Renzi fa bene all’Europa e all’EUR/USD?

Risale al 22 febbraio di quest’anno il passaggio di consegne tra l’ex premier Letta e l’attuale capo del governo in carica: Matteo Renzi. Come avrà reagito l’Europa e in particolare l’EUR/USD?

Come sempre quando si parla di politica, esistono più correnti di pensiero, che noi non abbiamo interesse ad esaminare. Dal punto di vista economico è indubbio che l’insediamento di Renzi abbia giovato all’Italia: lo spread tra btp e bund tedeschi è passato dai  196.784 punti del 22 febbraio ai 180.1969 punti di differenza registrati ieri.

Tuttavia, se è più che ovvio presumere che l’insediamento di un nuovo premier influenzi il mercato nazionale, possiamo ritenere che ciò modifichi anche l’equilibrio dell’EUR/USD? Analizziamo a tal fine le reazioni di alcuni mercati.

La reazione dell’EUR/USD

Al 20 febbraio, il cambio EUR/USD era pari a 1.3730. Il giorno dopo, il 21 febbraio, esso era lievemente sceso, attestandosi ad un valore pari a 1.3704. Nonostante questa iniziale perdita dell’euro nei confronti del dollaro, abbiamo nel medio periodo un rafforzamento della moneta unica: essa infatti si rafforza lentamente, arrivando a 1.3746 al 26 febbraio.

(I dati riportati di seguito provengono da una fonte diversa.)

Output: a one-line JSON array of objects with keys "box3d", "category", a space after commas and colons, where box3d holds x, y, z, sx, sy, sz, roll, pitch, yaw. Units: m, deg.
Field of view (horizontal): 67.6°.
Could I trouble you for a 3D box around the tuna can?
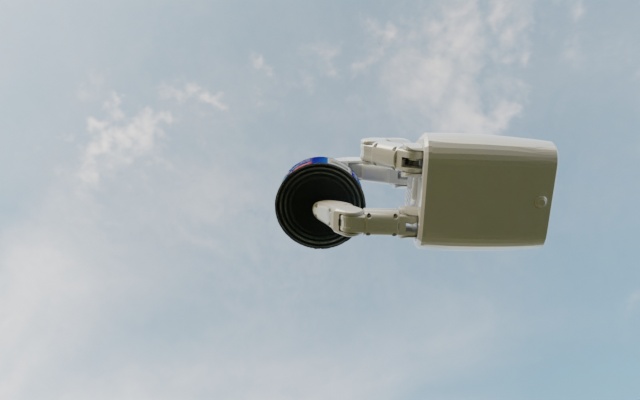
[{"box3d": [0.000, 0.001, 0.464, 0.086, 0.086, 0.033, 0, 18, 1], "category": "tuna can"}]
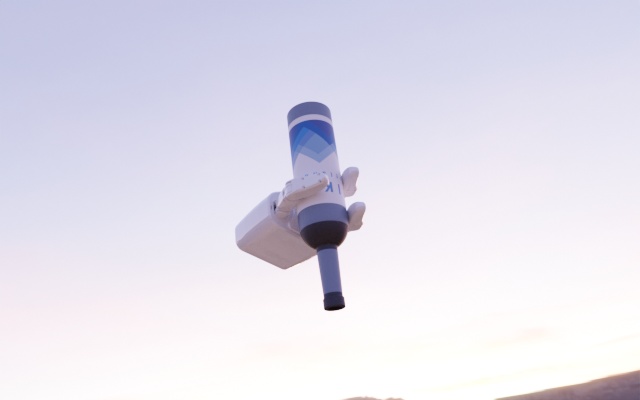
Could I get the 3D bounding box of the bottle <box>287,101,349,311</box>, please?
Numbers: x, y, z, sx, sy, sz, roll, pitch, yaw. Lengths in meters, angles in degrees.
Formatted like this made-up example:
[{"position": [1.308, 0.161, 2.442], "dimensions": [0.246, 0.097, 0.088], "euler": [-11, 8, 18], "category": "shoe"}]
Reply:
[{"position": [0.000, 0.002, 0.649], "dimensions": [0.069, 0.295, 0.069], "euler": [-6, -27, -3], "category": "bottle"}]
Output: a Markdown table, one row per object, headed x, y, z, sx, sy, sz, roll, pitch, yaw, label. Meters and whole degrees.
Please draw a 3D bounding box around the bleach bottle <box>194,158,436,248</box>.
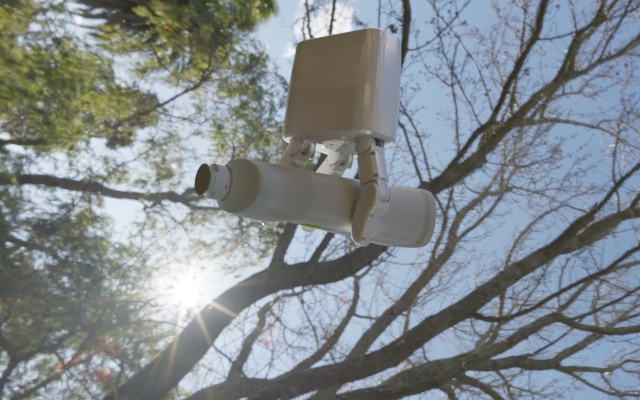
| x | y | z | sx | sy | sz | roll | pitch | yaw | label |
| --- | --- | --- | --- | --- | --- | --- | --- | --- | --- |
| 0.000 | 0.002 | 0.475 | 0.251 | 0.068 | 0.102 | 12 | -8 | -40 | bleach bottle |
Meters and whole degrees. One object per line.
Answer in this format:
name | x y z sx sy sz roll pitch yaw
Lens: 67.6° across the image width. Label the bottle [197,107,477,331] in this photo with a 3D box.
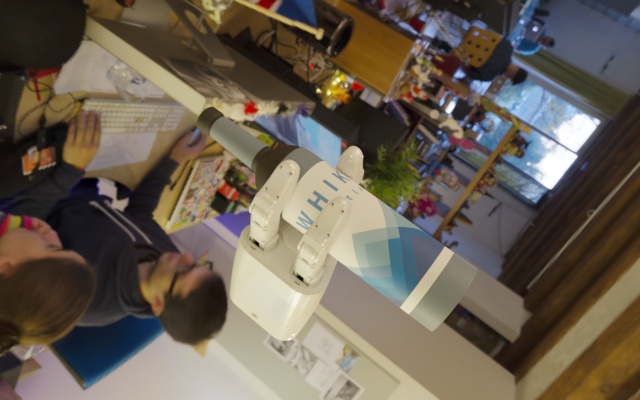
bottle | 0.000 0.002 0.445 0.295 0.069 0.069 36 10 14
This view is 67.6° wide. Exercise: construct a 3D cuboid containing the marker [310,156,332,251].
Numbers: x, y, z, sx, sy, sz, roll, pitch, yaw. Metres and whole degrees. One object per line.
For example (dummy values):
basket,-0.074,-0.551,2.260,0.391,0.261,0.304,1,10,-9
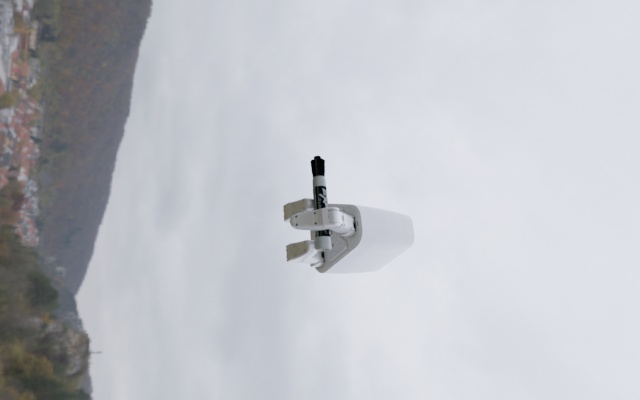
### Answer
marker,0.000,0.002,0.595,0.020,0.121,0.020,-4,-15,-1
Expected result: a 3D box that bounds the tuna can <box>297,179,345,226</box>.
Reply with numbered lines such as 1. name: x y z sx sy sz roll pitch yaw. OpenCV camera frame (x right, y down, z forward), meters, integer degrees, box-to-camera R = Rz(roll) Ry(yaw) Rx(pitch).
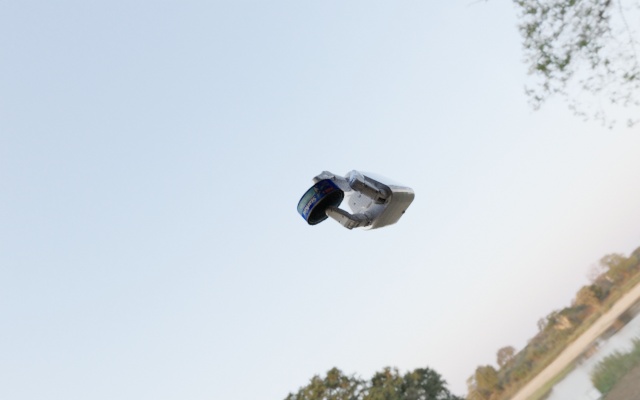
1. tuna can: 0.000 0.002 0.842 0.033 0.086 0.086 47 22 23

Tuttavia, dopo questa breve spirale positiva l’euro subisce un vero e proprio crollo, scendendo ad un valore di cambio pari a 1.3682 il 27 febbraio. Il 3 marzo, comunque, dopo una decisa ripresa della moneta unica, il tasso di cambio arriva fino ad 1.3777, valore in assoluto più positivo dell’ultimo mese.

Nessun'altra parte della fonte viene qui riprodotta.